# Ikariam....Share the wealth.



## Serious (Mar 19, 2008)

I Know... another Ikariam thread.

Well I thaught it would be a good Idea to have a thread just to let others know about who you are pillaging and how much you are getting.

Me and Alan (Samples r us) have cleared the ships from the inactive town of Lotos on Womiios[85:52]

I'm getting about 3k in gold per pillage

There are no Troops left so I send 6 waves of 8 swordsmen per day

Remember the Bashing rule still aplies to inactives.


----------



## silver bmw z3 (Apr 30, 2007)

If there are no troops you can just send a slinger or two can't you?

I thought this thread might be about sharing wealth... Something I spoke to Dopey about in-game earlier.

How about we all start to donate some resources to newer members to help get them up the ladder and therefore improve the alliance that bit quicker?

I'm convinced other alliances are doing just that.

How about it ? Should we have a protocol ie newer members make a request on here and whoever can fufills it and quotes their post to say 'filled' or whatever?

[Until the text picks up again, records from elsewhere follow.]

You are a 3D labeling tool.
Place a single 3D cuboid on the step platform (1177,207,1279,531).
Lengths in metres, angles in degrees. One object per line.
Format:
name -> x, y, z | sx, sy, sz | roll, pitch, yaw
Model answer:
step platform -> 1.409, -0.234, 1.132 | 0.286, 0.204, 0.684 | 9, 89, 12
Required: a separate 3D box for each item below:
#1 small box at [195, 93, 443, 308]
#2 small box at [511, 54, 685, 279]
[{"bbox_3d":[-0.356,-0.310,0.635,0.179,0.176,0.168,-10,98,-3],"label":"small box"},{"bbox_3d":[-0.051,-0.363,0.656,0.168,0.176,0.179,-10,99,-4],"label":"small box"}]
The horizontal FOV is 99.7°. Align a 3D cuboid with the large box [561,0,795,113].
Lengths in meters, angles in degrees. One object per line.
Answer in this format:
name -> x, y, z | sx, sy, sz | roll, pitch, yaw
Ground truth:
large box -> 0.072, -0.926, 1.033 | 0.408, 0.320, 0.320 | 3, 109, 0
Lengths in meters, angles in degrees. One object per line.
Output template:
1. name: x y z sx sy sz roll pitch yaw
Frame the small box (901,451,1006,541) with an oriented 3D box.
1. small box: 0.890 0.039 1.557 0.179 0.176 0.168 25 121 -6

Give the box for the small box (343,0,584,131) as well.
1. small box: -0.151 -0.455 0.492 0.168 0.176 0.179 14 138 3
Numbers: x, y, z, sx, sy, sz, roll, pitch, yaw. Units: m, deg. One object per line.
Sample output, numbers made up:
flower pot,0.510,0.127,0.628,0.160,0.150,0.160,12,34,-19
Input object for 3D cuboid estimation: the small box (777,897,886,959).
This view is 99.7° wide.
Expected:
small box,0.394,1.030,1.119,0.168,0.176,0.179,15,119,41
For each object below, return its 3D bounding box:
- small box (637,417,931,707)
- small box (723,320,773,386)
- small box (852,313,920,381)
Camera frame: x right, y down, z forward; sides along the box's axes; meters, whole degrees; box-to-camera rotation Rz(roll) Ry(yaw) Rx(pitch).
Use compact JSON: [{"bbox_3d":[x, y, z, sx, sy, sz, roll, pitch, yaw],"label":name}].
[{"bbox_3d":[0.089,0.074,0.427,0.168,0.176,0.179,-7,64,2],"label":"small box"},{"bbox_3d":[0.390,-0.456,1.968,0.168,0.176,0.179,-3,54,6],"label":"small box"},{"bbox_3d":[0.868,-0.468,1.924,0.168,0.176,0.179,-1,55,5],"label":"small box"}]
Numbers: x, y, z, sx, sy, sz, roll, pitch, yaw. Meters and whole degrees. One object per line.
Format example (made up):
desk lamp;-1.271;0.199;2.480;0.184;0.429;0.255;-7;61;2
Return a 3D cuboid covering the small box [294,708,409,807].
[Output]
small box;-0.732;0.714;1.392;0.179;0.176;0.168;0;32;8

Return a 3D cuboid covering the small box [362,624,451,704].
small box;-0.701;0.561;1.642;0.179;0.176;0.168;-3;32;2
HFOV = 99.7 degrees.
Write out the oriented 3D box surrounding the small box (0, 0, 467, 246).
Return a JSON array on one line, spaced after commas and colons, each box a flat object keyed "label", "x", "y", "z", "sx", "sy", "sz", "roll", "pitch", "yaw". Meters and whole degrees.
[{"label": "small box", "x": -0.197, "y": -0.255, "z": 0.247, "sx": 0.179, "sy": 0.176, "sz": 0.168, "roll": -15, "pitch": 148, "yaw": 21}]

What are criteria for requesting help?


----------



## Serious (Mar 19, 2008)

There is still the town wall to get thorugh

Its up to you what you send.


good point, new thread maybe?

This one is so anyone can pillage for what they need with little risk.


----------



## Dopey (Jun 3, 2008)

Ok Josios[78:42] kronn

A bit far for some but im getting very good pillaging from him
This is with just 1 stone thrower!! also getting lot of other stuff from his 4 other towns too, look around for them, maybe its a good pillage last thing at night? then in the am you'll have he goods back and its only cost 1 stone thrower? 
Gold 1665
# Building material: 809
# Marble: 19
# Crystal glass: 329

Its upgraded my units in to collage lol


----------